Justice of the High Court
- In office 1937–1948

= Stephen Henn-Collins =

The Honourable Sir Stephen Ogle Henn-Collins, CBE (14 September 1875 – 16 October 1958) was an English barrister and High Court judge.

== Biography ==
Stephen Ogle Collins was the younger son of the distinguished lawyer and law lord Richard Henn Collins, Baron Collins. (Stephen Collins later adapted his surname to Henn-Collins.) He was educated at Winchester College and New College, Oxford, where he took honours in Jurisprudence. He was called to the bar by the Middle Temple in 1899. Collins was a copyright specialist. He was also standing counsel for the Law Society, and junior common law counsel to the Admiralty. He was appointed a CBE in 1925 and took silk in 1932.

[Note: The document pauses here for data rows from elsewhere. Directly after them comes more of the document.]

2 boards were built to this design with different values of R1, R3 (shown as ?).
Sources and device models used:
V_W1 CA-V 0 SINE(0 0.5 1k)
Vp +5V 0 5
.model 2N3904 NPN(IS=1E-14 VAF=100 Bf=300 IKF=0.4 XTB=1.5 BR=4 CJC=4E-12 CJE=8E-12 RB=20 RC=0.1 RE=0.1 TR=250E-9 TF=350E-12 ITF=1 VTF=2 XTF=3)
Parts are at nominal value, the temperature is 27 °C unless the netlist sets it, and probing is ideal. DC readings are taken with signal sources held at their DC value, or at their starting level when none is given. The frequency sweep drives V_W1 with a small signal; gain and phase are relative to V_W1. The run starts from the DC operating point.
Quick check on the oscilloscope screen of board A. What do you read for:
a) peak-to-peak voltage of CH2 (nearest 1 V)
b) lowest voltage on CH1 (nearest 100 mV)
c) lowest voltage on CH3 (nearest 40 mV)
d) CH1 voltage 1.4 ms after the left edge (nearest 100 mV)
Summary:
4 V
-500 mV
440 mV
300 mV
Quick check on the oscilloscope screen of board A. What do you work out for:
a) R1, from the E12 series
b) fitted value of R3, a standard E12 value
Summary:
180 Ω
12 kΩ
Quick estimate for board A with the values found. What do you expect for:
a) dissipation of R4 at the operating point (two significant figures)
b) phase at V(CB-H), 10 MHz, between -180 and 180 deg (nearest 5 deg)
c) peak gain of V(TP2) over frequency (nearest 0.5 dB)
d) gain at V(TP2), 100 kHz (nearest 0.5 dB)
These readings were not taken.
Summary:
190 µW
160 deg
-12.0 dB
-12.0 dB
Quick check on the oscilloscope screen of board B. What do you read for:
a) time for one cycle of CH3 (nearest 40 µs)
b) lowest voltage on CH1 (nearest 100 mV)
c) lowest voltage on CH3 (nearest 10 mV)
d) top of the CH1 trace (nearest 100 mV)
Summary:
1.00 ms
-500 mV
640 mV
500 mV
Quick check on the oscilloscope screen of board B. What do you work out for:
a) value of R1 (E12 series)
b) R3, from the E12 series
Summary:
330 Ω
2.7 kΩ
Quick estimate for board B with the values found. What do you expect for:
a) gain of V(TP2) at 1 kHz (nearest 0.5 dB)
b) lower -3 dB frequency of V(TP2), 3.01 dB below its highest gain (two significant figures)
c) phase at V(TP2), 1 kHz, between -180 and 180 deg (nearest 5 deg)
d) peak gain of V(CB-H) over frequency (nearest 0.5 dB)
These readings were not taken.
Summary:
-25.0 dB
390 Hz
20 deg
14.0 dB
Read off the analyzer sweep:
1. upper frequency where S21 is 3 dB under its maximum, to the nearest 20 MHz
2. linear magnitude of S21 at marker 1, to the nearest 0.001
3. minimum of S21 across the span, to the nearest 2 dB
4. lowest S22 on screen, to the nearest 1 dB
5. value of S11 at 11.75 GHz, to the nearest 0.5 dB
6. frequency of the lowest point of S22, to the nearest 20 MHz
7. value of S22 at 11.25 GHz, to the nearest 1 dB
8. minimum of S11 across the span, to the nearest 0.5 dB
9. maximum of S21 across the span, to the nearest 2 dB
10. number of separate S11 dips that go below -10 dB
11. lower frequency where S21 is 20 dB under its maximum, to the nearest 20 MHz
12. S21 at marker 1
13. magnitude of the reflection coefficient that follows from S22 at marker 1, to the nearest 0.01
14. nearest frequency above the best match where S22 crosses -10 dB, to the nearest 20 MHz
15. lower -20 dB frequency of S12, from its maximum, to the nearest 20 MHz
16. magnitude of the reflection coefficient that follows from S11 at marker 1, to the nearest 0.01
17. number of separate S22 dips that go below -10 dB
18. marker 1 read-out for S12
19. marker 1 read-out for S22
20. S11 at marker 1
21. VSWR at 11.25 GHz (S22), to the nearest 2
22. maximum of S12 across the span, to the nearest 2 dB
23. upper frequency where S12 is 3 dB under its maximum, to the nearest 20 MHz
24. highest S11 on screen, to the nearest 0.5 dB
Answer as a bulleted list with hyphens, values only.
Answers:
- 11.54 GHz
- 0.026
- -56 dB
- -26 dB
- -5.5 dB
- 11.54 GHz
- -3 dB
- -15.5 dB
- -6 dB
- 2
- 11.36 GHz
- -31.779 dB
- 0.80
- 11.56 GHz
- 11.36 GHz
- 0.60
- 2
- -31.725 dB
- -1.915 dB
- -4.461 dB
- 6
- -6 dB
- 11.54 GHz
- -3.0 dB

The enactment of the Matrimonial Causes Act 1937 greatly increased the volume of divorce cases in the Probate, Divorce and Admiralty Division of the High Court of Justice, which only had three judges at the time. As a consequence, the Supreme Court of Judicature (Amendment) Act 1937 authorized the appointment of two additional High Court judges. Henn-Collins was selected by Lord Hailsham to fill one of the two new positions and assigned to the Probate, Divorce and Admiralty Division, even though he was inexperienced in divorce matters and disliked them. He received the customary knighthood in December 1937.

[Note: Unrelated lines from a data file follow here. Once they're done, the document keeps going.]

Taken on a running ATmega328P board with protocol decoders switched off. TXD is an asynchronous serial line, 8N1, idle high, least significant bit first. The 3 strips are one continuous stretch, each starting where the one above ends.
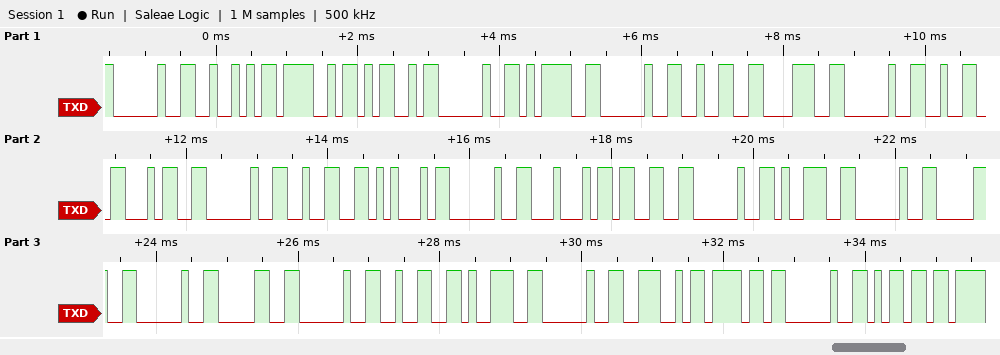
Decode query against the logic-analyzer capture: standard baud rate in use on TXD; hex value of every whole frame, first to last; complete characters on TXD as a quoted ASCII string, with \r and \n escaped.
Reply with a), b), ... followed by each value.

a) 9600 baud
b) 0x20 0x52 0x4F 0x4D 0x20 0x3D 0x20 0x32 0x38 0x20 0x32 0x34 0x20 0x32 0x45 0x20 0x44 0x33 0x20 0x39 0x20 0x30 0x20 0x30 0x20 0x32 0x39 0x20 0x4E 0x6F 0x20 0x6D
c) " ROM = 28 24 2E D3 9 0 0 29 No m"
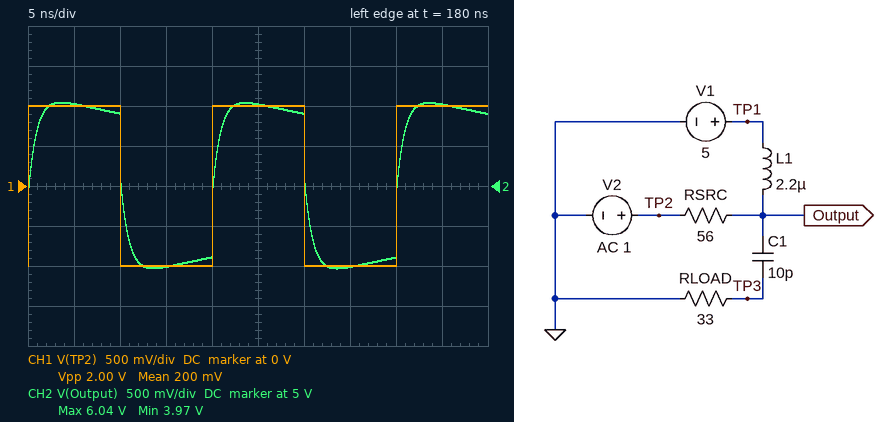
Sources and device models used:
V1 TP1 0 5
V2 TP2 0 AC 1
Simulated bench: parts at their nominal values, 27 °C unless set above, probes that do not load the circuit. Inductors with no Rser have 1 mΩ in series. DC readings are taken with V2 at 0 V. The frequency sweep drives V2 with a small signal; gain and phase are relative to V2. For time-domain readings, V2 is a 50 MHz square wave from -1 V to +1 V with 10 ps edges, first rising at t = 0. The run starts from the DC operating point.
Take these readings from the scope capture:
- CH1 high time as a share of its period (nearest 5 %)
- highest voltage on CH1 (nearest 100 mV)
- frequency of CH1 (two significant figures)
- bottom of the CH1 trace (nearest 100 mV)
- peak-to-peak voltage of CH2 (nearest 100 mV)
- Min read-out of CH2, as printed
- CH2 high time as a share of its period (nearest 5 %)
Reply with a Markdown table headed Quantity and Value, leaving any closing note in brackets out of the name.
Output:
| Quantity | Value |
|---|---|
| CH1 high time as a share of its period | 50 % |
| highest voltage on CH1 | 1.0 V |
| frequency of CH1 | 50 MHz |
| bottom of the CH1 trace | -1.0 V |
| peak-to-peak voltage of CH2 | 2.1 V |
| Min read-out of CH2, as printed | 3.97 V |
| CH2 high time as a share of its period | 50 % |
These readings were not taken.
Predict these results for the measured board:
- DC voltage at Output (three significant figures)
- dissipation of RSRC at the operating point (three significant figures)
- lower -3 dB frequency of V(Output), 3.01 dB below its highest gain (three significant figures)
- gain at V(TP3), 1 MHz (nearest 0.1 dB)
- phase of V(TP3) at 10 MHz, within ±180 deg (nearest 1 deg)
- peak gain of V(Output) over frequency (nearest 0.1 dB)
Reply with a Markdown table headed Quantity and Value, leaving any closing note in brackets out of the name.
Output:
| Quantity | Value |
|---|---|
| DC voltage at Output | 5.00 V |
| dissipation of RSRC at the operating point | 446 mW |
| lower -3 dB frequency of V(Output), 3.01 dB below its highest gain | 3.94 MHz |
| gain at V(TP3), 1 MHz | -66.1 dB |
| phase of V(TP3) at 10 MHz, within ±180 deg | 109 deg |
| peak gain of V(Output) over frequency | -0.1 dB |
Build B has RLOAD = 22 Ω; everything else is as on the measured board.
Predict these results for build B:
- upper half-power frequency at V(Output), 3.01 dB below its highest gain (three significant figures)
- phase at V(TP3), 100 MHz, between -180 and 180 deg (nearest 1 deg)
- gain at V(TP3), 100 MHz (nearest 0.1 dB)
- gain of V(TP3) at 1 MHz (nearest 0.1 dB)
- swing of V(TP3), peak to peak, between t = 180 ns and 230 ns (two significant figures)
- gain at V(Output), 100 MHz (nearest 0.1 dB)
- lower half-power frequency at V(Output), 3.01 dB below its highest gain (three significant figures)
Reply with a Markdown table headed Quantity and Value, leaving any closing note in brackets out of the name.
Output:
| Quantity | Value |
|---|---|
| upper half-power frequency at V(Output), 3.01 dB below its highest gain | 228 MHz |
| phase at V(TP3), 100 MHz, between -180 and 180 deg | 66 deg |
| gain at V(TP3), 100 MHz | -18.0 dB |
| gain of V(TP3) at 1 MHz | -69.6 dB |
| swing of V(TP3), peak to peak, between t = 180 ns and 230 ns | 1.1 V |
| gain at V(Output), 100 MHz | -0.8 dB |
| lower half-power frequency at V(Output), 3.01 dB below its highest gain | 3.96 MHz |
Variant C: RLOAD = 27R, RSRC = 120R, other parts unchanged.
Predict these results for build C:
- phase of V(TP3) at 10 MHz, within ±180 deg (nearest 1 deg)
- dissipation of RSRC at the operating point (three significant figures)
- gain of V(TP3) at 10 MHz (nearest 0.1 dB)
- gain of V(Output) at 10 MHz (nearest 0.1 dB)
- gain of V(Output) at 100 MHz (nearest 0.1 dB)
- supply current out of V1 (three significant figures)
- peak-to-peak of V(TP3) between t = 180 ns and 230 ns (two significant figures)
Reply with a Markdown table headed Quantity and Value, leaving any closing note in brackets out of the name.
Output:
| Quantity | Value |
|---|---|
| phase of V(TP3) at 10 MHz, within ±180 deg | 127 deg |
| dissipation of RSRC at the operating point | 208 mW |
| gain of V(TP3) at 10 MHz | -37.5 dB |
| gain of V(Output) at 10 MHz | -2.1 dB |
| gain of V(Output) at 100 MHz | -2.3 dB |
| supply current out of V1 | 41.7 mA |
| peak-to-peak of V(TP3) between t = 180 ns and 230 ns | 760 mV |

In 1945, on the promotion of Mr Justice Tucker to the Court of Appeal, Henn-Collins was transferred to the King's Bench Division. He retired in 1948.

== Personal life ==
Henn-Collins married Agnes Julia Lambert in 1899; they had a son and three daughters.

In his private life, Henn-Collins had strong artistic interests, and was a skilled violin-maker, a hobby which "was the least expected in one of his Majesty's Judges".